HTML Character Set
HTML Character Set
To display an HTML page correctly, a browser must know which character set to use.
The early character set widely used on the World Wide Web was ASCII. ASCII supported numbers 0-9, the upper and lower case English alphabet, and some special characters.
Complete ASCII Reference Manual.
Since many countries use characters that do not belong to ASCII, the default character set for modern browsers is ISO-8859-1.
Complete ISO-8859-1 Reference Manual.
If a web page uses a character set different from ISO-8859-1, it should be specified in the <meta> tag.
ISO Character Sets
ISO character sets are standards defined by the International Organization for Standardization (ISO) for different alphabets/languages.
Below is a list of different character sets used around the world:
Character Set | Description | Usage |
---|---|---|
ISO-8859-1 | Latin alphabet part 1 | North America, Western Europe, Latin America, Caribbean, Canada, Africa |
ISO-8859-2 | Latin alphabet part 2 | Eastern Europe |
ISO-8859-3 | Latin alphabet part 3 | SE Europe, Esperanto, miscellaneous others |
ISO-8859-4 | Latin alphabet part 4 | Scandinavian/Baltic (and others not included in ISO-8859-1) |
ISO-8859-5 | Latin/Cyrillic part 5 | Languages using the ancient Slavic alphabet, such as Bulgarian, Belarusian, Russian, Macedonian |
ISO-8859-6 | Latin/Arabic part 6 | Languages using the Arabic alphabet |
ISO-8859-7 | Latin/Greek part 7 | Modern Greek, along with Greek-derived mathematical symbols |
ISO-8859-8 | Latin/Hebrew part 8 | Languages using the Hebrew alphabet |
ISO-8859-9 | Latin 5 part 9 | Turkish. Identical to ISO-8859-1 except for Turkish characters replacing the Icelandic ones |
ISO-8859-10 | Latin 6 | Lapland, Germanic, Eskimo North European |
ISO-8859-15 | Latin 9 (aka Latin 0) | Similar to ISO 8859-1, with the Euro symbol and some other characters replacing less commonly used ones |
ISO-2022-JP | Latin/Japanese part 1 | Japanese |
ISO-2022-JP-2 | Latin/Japanese part 2 | Japanese |
ISO-2022-KR | Latin/Korean part 1 | Korean |
Unicode Standard
Due to the capacity limitations and incompatibility with multilingual environments of the character sets listed above, the Unicode Consortium developed the Unicode Standard.
The Unicode Standard covers all the characters, punctuations, and symbols in the world.

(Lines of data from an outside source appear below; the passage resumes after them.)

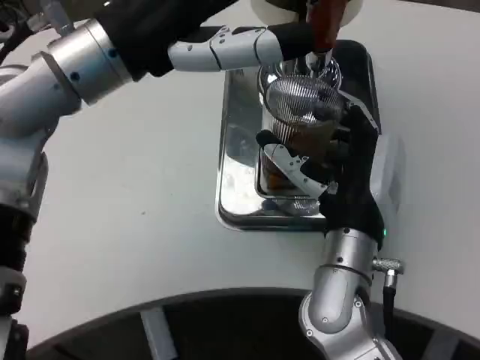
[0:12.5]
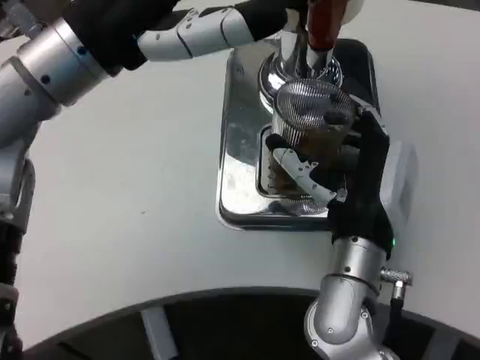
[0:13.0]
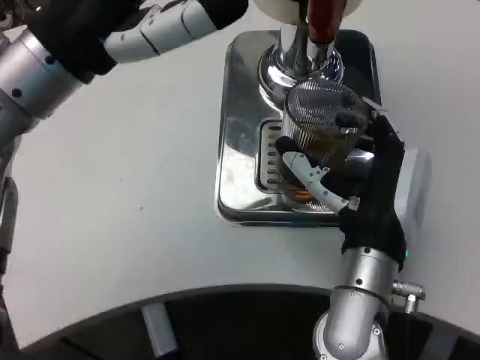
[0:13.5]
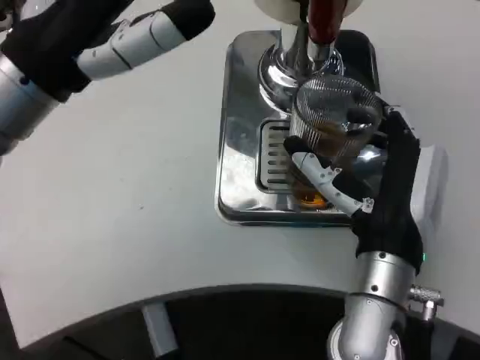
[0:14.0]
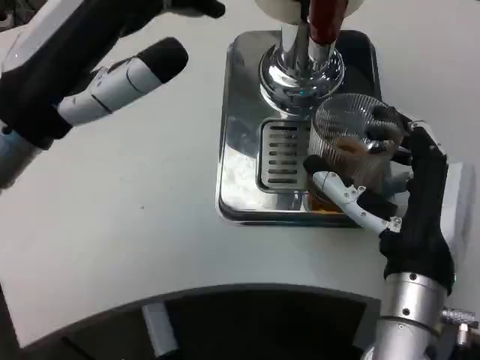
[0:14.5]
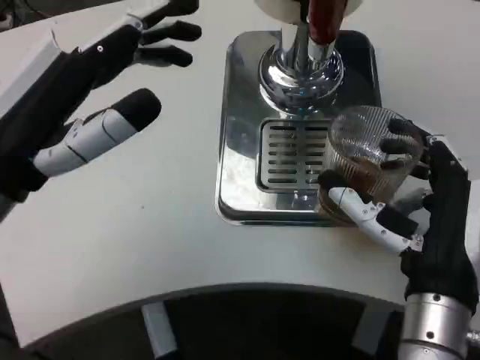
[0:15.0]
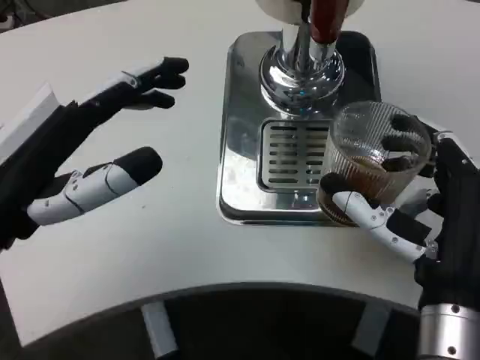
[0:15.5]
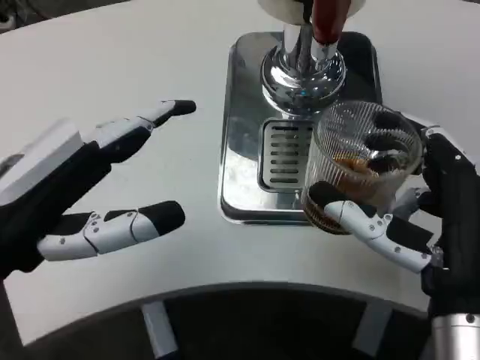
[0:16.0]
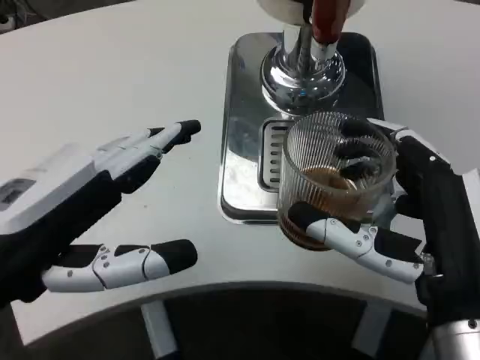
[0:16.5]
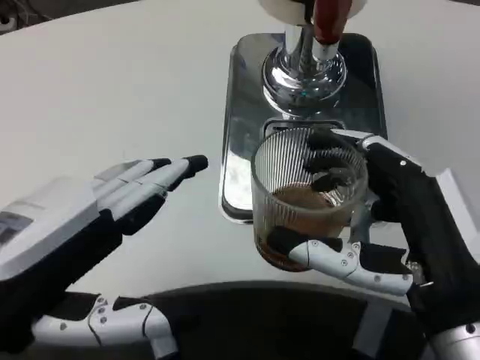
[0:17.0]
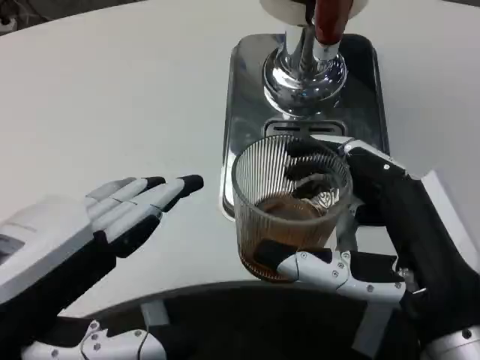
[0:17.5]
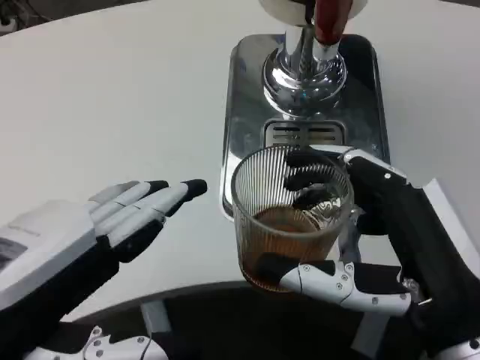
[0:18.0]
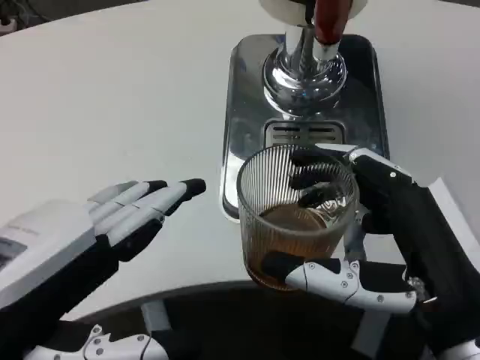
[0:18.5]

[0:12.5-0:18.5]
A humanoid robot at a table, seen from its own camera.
Task of the whole recording: Grasp the cup under the faucet to collect the drink, then remove the cup.
0:12.5 to 0:14.5: The right hand moves backward, about 5 cm, while the left hand shifts about 10 cm downward and to the left.
0:14.5 to 0:16.5: The two hands go approximately 10 cm backward.
0:16.5 to 0:18.5: The left hand goes about 5 cm backward.

Unicode enables processing, storage, and interchange of text data, regardless of the platform, program, or language.
Unicode Consortium
The Unicode Consortium developed the Unicode Standard. Their goal is to replace existing character sets with the standard Unicode Transformation Format (UTF).
The Unicode Standard has been successful and is implemented in XML, Java, ECMAScript (JavaScript), LDAP, CORBA 3.0, WML. Unicode is also supported in many operating systems and all modern browsers.
The Unicode Consortium collaborates with leading standard development organizations such as ISO, W3C, and ECMA.
Unicode can be compatible with different character sets. The most commonly used encodings are UTF-8 and UTF-16:
Character Set | Description |
---|---|
UTF-8 | Characters in UTF-8 can be from 1 to 4 bytes long. UTF-8 can represent any character in the Unicode standard. UTF-8 is backward compatible with ASCII. UTF-8 is the preferred encoding for web pages and email. |
UTF-16 | 16-bit Unicode Transformation Format is a variable-length Unicode character encoding that can encode the entire Unicode instruction set. UTF-16 is mainly used in operating systems and environments such as Microsoft's Windows 2000/XP/2003/Vista/CE, Java, and .NET byte code environments. |
Tip: The first 256 Unicode character set characters correspond to the 256 ISO-8859-1 characters.
Tip: All HTML 4 browsers support UTF-8, and all XHTML and XML processors support UTF-8 and UTF-16!